He's been a rapper, an actor, a porn movie mogul and, most recently, a terrible reggae singer called Snoop Lion. How many lives has this Dogg used up already? Six? Seven?
He's about to use up another one, because the lion is a dogg again - but that doesn't mean Snoop's returning to hip-hop. Bush, his 13th album, is something else entirely: a throwback album of old school soul jams that finds Calvin Broadus Jr spending more time singing than rapping. The barely believable result is a Snoop Dogg album that - gasp - your kids could enjoy.
It's a dramatic turnaround from his last effort as Snoop Lion, with the 2013 shocker Reincarnated finding Snoop rebelling against his gangster rap past on songs like No Guns Allowed with little sense of irony.

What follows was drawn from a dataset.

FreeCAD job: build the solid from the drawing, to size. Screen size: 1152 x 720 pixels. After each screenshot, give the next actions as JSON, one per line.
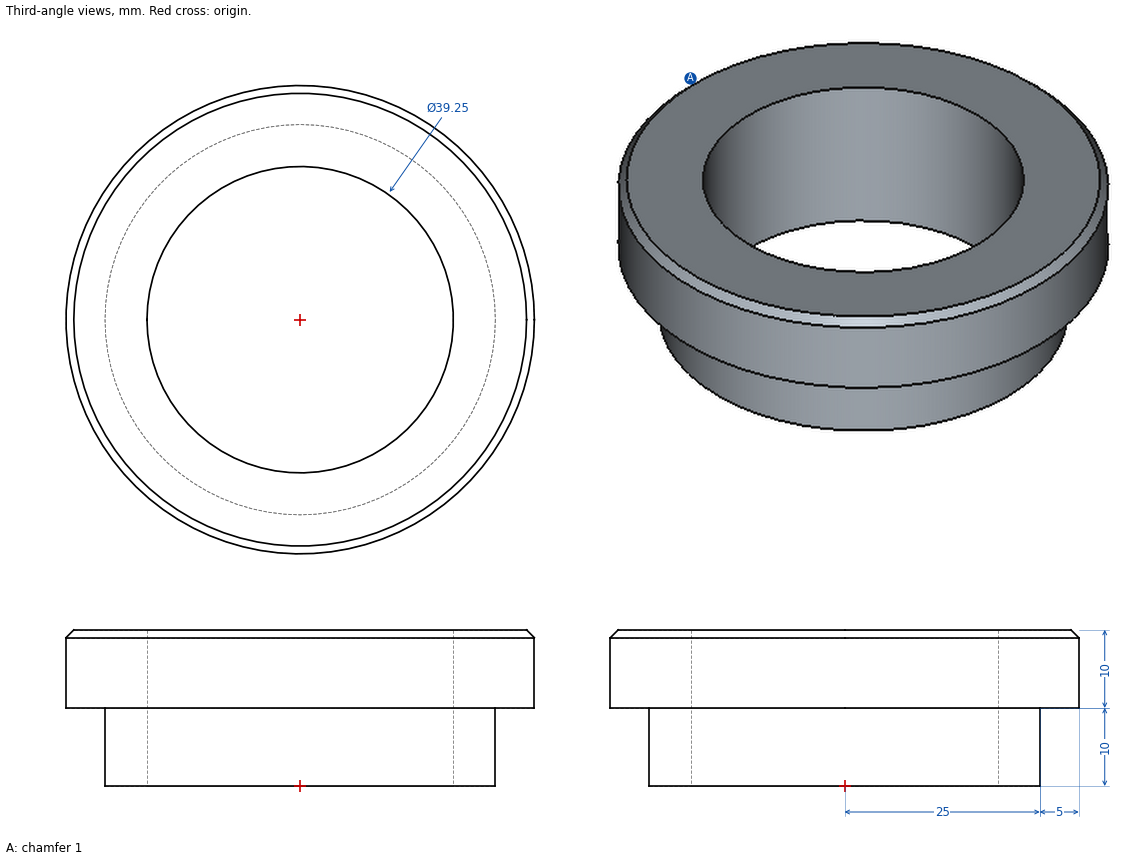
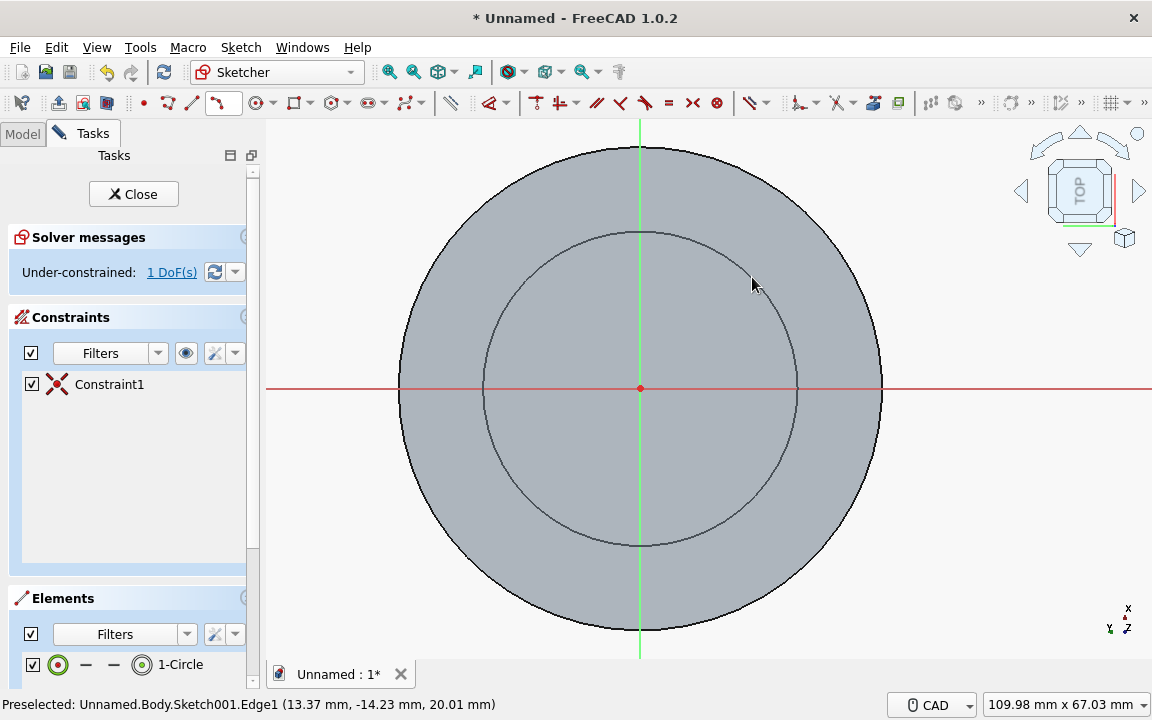
{"action": "key", "text": "d"}

At least Bush finds Snoop in a playful mood.
"She's DTF," he croons on the laidback, Neptunes-produced lope of R U A Freak - but he's not referencing the popular acronym for sex. "She's DTF - cos she' Down to Feel," he finishes, sounding less like a pimp and more like a spiritual guru dressed in white robes.
It's an image cemented by the funked-up fun of Awake, as Snoop sings: "My planet's Krypton / Home of the freaks / Come get your moon rocks / I am a G" like he's on an episode of The Mighty Boosh.